# Task statement:
Give the count of lines in the entries that include "Габарит", and write nothing besides it.

# Extracted records:
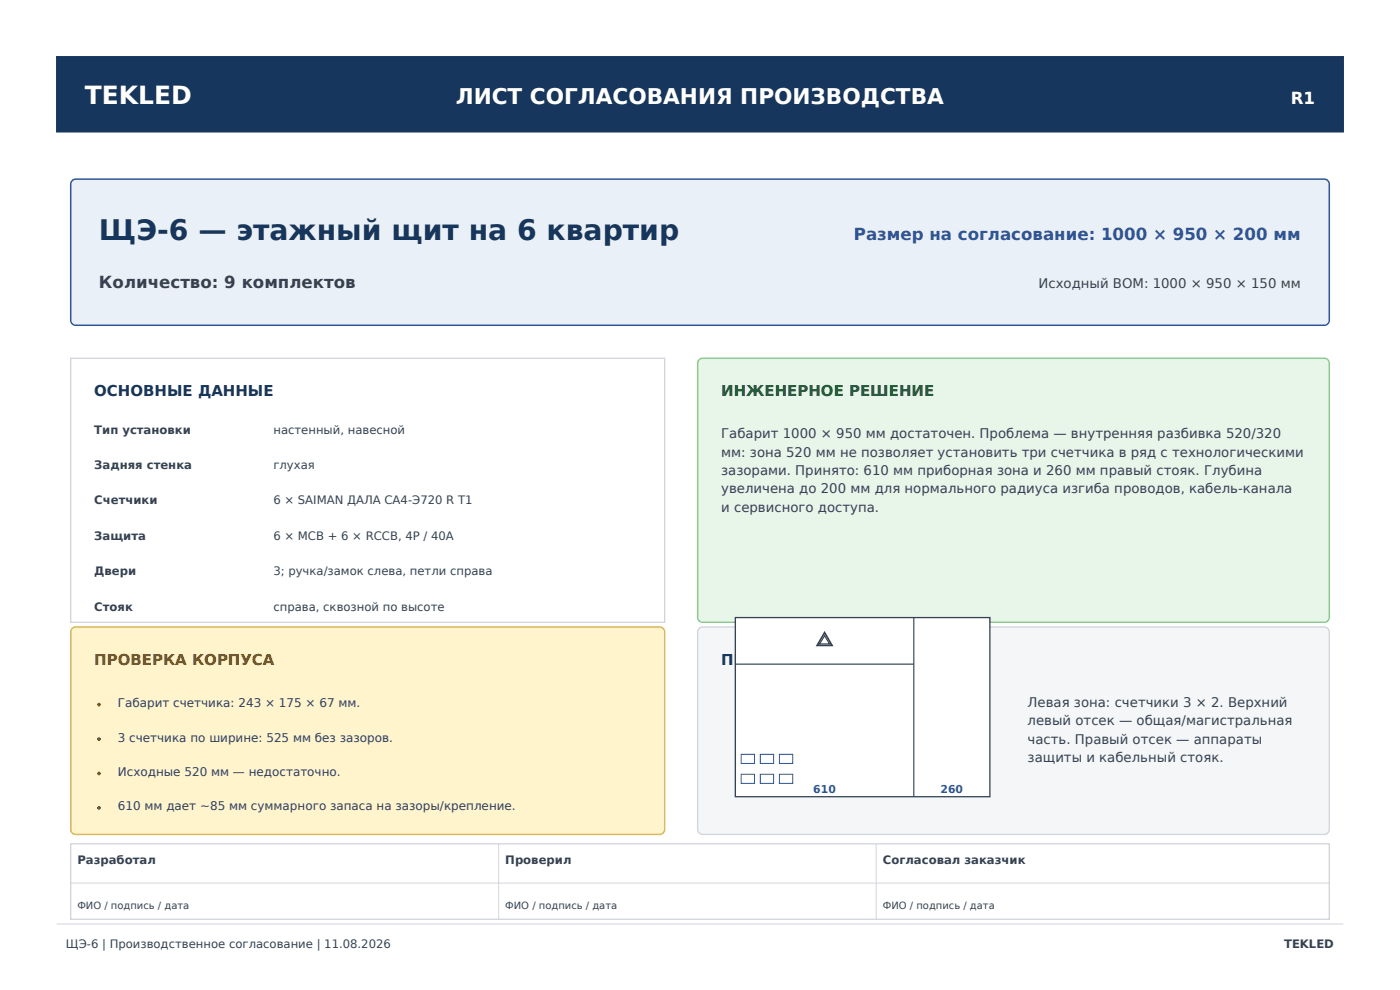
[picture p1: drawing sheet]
<svg xmlns="http://www.w3.org/2000/svg" width="297mm" height="210mm" viewBox="0 0 297 210" stroke-linecap="round" stroke-linejoin="round" font-family="sans-serif">
<defs><g id="words">
<text font-size="6" fill="#17365d" x="21" y="51">ЩЭ-6 — этажный щит на 6 квартир</text>
<text font-size="5.3" fill="#fff" x="18" y="22">TEKLED</text>
<text font-size="4.6" fill="#fff" x="96.7" y="22">ЛИСТ СОГЛАСОВАНИЯ ПРОИЗВОДСТВА</text>
<text font-size="3.5" fill="#fff" x="273.8" y="22">R1</text>
<text font-size="3.5" fill="#2f5597" x="181.2" y="51">Размер на согласование: 1000 × 950 × 200 мм</text>
<text font-size="3.5" fill="#374151" x="21" y="61">Количество: 9 комплектов</text>
<g font-size="3.2" fill="#17365d">
<text x="20" y="84">ОСНОВНЫЕ ДАННЫЕ</text>
<text x="153" y="141">ПРИНЯТАЯ КОМПОНОВКА</text>
</g>
<text font-size="3.2" fill="#1b5e20" x="153" y="84">ИНЖЕНЕРНОЕ РЕШЕНИЕ</text>
<text font-size="3.2" fill="#7a4b00" x="20" y="141">ПРОВЕРКА КОРПУСА</text>
<g font-size="2.8" fill="#374151">
<text x="220.3" y="61">Исходный BOM: 1000 × 950 × 150 мм</text>
<text x="153" y="93">Габарит 1000 × 950 мм достаточен. Проблема — внутренняя разбивка 520/320</text>
<text x="153" y="96.9">мм: зона 520 мм не позволяет установить три счетчика в ряд с технологическими</text>
<text x="153" y="100.8">зазорами. Принято: 610 мм приборная зона и 260 мм правый стояк. Глубина</text>
<text x="153" y="104.6">увеличена до 200 мм для нормального радиуса изгиба проводов, кабель-канала</text>
<text x="153" y="108.5">и сервисного доступа.</text>
<text x="218" y="150">Левая зона: счетчики 3 × 2. Верхний</text>
<text x="218" y="153.9">левый отсек — общая/магистральная</text>
<text x="218" y="157.8">часть. Правый отсек — аппараты</text>
<text x="218" y="161.6">защиты и кабельный стояк.</text>
</g>
<g font-size="2.5" fill="#374151">
<text x="20" y="92">Тип установки</text>
<text x="58" y="92">настенный, навесной</text>
<text x="20" y="99.5">Задняя стенка</text>
<text x="58" y="99.5">глухая</text>
<text x="20" y="107">Счетчики</text>
<text x="58" y="107">6 × SAIMAN ДАЛА СА4-Э720 R T1</text>
<text x="20" y="114.5">Защита</text>
<text x="58" y="114.5">6 × MCB + 6 × RCCB, 4P / 40A</text>
<text x="20" y="122">Двери</text>
<text x="58" y="122">3; ручка/замок слева, петли справа</text>
<text x="20" y="129.5">Стояк</text>
<text x="58" y="129.5">справа, сквозной по высоте</text>
<text x="25" y="150">Габарит счетчика: 243 × 175 × 67 мм.</text>
<text x="25" y="157.3">3 счетчика по ширине: 525 мм без зазоров.</text>
<text x="25" y="164.6">Исходные 520 мм — недостаточно.</text>
<text x="25" y="171.9">610 мм дает ~85 мм суммарного запаса на зазоры/крепление.</text>
<text x="16.4" y="183.3">Разработал</text>
<text x="107.2" y="183.3">Проверил</text>
<text x="187.3" y="183.3">Согласовал заказчик</text>
<text x="14" y="201">ЩЭ-6 | Производственное согласование | 11.08.2026</text>
<text x="272.4" y="201">TEKLED</text>
</g>
<g font-size="2.3" fill="#2f5597">
<text x="172.5" y="168.3">610</text>
<text x="199.5" y="168.3">260</text>
</g>
<g font-size="2.1" fill="#374151">
<text x="16.4" y="192.8">ФИО / подпись / дата</text>
<text x="107.2" y="192.8">ФИО / подпись / дата</text>
<text x="187.3" y="192.8">ФИО / подпись / дата</text>
</g>
</g></defs>
<path d="M12 12h273v16h-273z" fill-rule="evenodd" fill="#17365d" stroke="#17365d" stroke-width=".21"/>
<path d="M12 196h273" fill="none" stroke="#d1d5db" stroke-width=".21"/>
<path d="M15.4 38.2l.7-.2h264.8a1.06 1.06 0 0 1 1.1 1.1v28.8a1.06 1.06 0 0 1-1.1 1.1h-264.8a1.06 1.06 0 0 1-1.1-1.1v-28.8z" fill-rule="evenodd" fill="#eaf0f8" stroke="#2f5597" stroke-width=".32"/>
<path d="M15 76h126v56h-126z" fill-rule="evenodd" fill="#fff" stroke="#d1d5db" stroke-width=".28"/>
<path d="M148.4 76.2l.7-.2h131.8a1.06 1.06 0 0 1 1.1 1.1v53.8a1.06 1.06 0 0 1-1.1 1.1h-131.8a1.06 1.06 0 0 1-1.1-1.1v-53.8z" fill-rule="evenodd" fill="#e8f5e9" stroke="#8bcb91" stroke-width=".32"/>
<path d="M15.2 133.4l.9-.4h123.8a1.06 1.06 0 0 1 1.1 1.1v41.8a1.06 1.06 0 0 1-1.1 1.1h-123.8a1.06 1.06 0 0 1-1.1-1.1v-41.8z" fill-rule="evenodd" fill="#fff4cc" stroke="#d9b95b" stroke-width=".32"/>
<g fill="#7a4b00">
<circle cx="21" cy="149.5" r=".39"/>
<circle cx="21" cy="156.8" r=".39"/>
<circle cx="21" cy="164.1" r=".39"/>
<circle cx="21" cy="171.4" r=".39"/>
</g>
<path d="M148.2 133.4l.9-.4h131.8a1.06 1.06 0 0 1 1.1 1.1v41.8a1.06 1.06 0 0 1-1.1 1.1h-131.8a1.06 1.06 0 0 1-1.1-1.1v-41.8z" fill-rule="evenodd" fill="#f4f6f8" stroke="#d1d5db" stroke-width=".28"/>
<path d="M156 131h54v38h-54z" fill-rule="evenodd" fill="#fff" stroke="#374151" stroke-width=".28"/>
<path d="M174.9 134.8l1.1 1.8h-2.1zM193.9 131v38M156 140.9h37.9" fill="none" stroke="#374151" stroke-width=".25"/>
<path d="M174.9 134.2l1.6 2.7h-3.2z" fill="none" stroke="#374151" stroke-width=".35"/>
<g fill="#fff" stroke="#2f5597" stroke-width=".21">
<path d="M157.2 164.2h2.9v2h-2.9z" fill-rule="evenodd"/>
<path d="M161.3 164.2h2.8v2h-2.8z" fill-rule="evenodd"/>
<path d="M165.3 164.2h2.9v2h-2.9z" fill-rule="evenodd"/>
<path d="M157.2 160h2.9v1.9h-2.9z" fill-rule="evenodd"/>
<path d="M161.3 160h2.8v1.9h-2.8z" fill-rule="evenodd"/>
<path d="M165.3 160h2.9v1.9h-2.9z" fill-rule="evenodd"/>
</g>
<path d="M15 179h267v16h-267z" fill-rule="evenodd" fill="#fff" stroke="#d1d5db" stroke-width=".28"/>
<path d="M105.8 179v16M185.9 179v16M15 187.3h267" fill="none" stroke="#d1d5db" stroke-width=".21"/>
<use href="#words"/>
</svg>

# Response to this exercise:
2